Updated

Military hawks are launching an offensive move against the possibility of deeper Pentagon cuts, as one member of a bipartisan "super committee" trying to find $1.5 trillion in deficit savings by Thanksgiving warned Thursday against hacking too much from the defense budget.

Panel lawmakers opened work Thursday with cheery statements about the need to compromise and follow through on the committee's mandate. But cracks started to show within hours of opening statements, as member Sen. Jon Kyl, R-Ariz., said during an address that he would not serve on the committee if it considers more defense cuts.

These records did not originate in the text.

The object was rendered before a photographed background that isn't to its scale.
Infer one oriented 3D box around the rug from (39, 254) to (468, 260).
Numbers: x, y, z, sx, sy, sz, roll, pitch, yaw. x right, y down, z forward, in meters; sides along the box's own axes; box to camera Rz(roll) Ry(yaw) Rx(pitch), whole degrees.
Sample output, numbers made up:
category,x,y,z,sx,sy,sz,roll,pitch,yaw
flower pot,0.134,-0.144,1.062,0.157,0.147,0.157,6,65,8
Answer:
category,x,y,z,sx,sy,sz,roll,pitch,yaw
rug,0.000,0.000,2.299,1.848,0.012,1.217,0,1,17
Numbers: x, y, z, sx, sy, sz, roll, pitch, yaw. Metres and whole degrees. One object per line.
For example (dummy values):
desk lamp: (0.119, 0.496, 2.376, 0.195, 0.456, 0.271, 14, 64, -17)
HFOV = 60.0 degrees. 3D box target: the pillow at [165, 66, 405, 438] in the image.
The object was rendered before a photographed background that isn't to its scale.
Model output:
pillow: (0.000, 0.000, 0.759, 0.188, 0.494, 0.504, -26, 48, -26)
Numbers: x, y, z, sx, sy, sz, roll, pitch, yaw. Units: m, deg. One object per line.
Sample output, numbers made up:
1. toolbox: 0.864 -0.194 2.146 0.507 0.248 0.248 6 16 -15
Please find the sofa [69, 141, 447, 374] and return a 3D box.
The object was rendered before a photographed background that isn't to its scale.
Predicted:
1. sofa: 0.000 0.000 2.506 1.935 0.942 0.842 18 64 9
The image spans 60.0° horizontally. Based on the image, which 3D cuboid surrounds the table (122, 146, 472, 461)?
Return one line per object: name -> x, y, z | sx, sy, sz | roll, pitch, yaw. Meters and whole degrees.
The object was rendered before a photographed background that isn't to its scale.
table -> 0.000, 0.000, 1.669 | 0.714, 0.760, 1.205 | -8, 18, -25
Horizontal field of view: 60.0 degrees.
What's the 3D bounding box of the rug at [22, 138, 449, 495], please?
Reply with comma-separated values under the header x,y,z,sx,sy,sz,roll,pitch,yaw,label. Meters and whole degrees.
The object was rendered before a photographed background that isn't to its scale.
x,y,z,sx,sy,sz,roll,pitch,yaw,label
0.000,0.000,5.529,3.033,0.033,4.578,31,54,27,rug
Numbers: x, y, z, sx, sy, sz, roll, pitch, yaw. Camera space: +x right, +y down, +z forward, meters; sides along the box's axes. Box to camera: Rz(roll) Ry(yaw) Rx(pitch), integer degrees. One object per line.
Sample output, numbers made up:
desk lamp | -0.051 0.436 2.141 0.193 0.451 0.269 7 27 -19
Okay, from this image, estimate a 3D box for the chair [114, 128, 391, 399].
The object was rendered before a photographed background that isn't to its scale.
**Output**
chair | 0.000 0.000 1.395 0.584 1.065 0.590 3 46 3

"I'm off the committee if we're going to talk about further defense decreases," he said.

The debt-ceiling deal that created the committee already prescribed $350 billion in military cuts over the next decade. Kyl, and others, don't want the committee to go beyond that.

They're particularly concerned, though, about the "trigger" mechanism underlying the committee -- if the committee does not find at least $1.2 trillion in cuts, the absence of a deal would "trigger" sweeping cuts to entitlements and the military. The Pentagon cuts would total about $600 billion.

Kyl has said that he would push to waive the defense trigger.

House Armed Services Committee Chairman Buck McKeon, R-Calif., told Fox News he knows the idea behind the trigger is to make it so painful as to compel the super committee to work something out.

But he expressed concern that the defense budget has been hit hard enough.

His message to the super committee: "Leave us alone."

McKeon held a hearing Thursday to examine budget challenges facing the Pentagon.

Retired Navy Adm. Edmund Giambastiani, former vice chairman of the Joint Chiefs of Staff, said at the hearing that the trigger would amount to "performing brain surgery with a chainsaw."

"Huge cuts to defense spending, combined with little to no analysis of their impact on our overall national security would have devastating consequences," he said.

Defense Secretary Leon Panetta made similar remarks last month.

McKeon said Thursday that military cuts would raise security concerns but also economic ones.
"While it's true that our military power is derived from our economic power, we must recognize that this relation is symbiotic. Cuts to our military defense, either by eliminating programs or laying off soldiers, comes with an economic cost," he said.

At the same time, some want the committee to cut defense spending. Others are putting more focus on protecting entitlements from deep cuts -- though entitlements appear to be a likely target in the talks.

At the opening meeting Thursday, Rep. James Clyburn, D-S.C., urged the committee to make "smart and compassionate" cuts.

"Unending military adventurism need not be accompanied by slashing essential services like public education ... and earned benefits like Social Security, Medicare and Medicaid," he said.

Rep. Jeb Hensarling, R-Texas, noted that the debt also "threatens our national defense."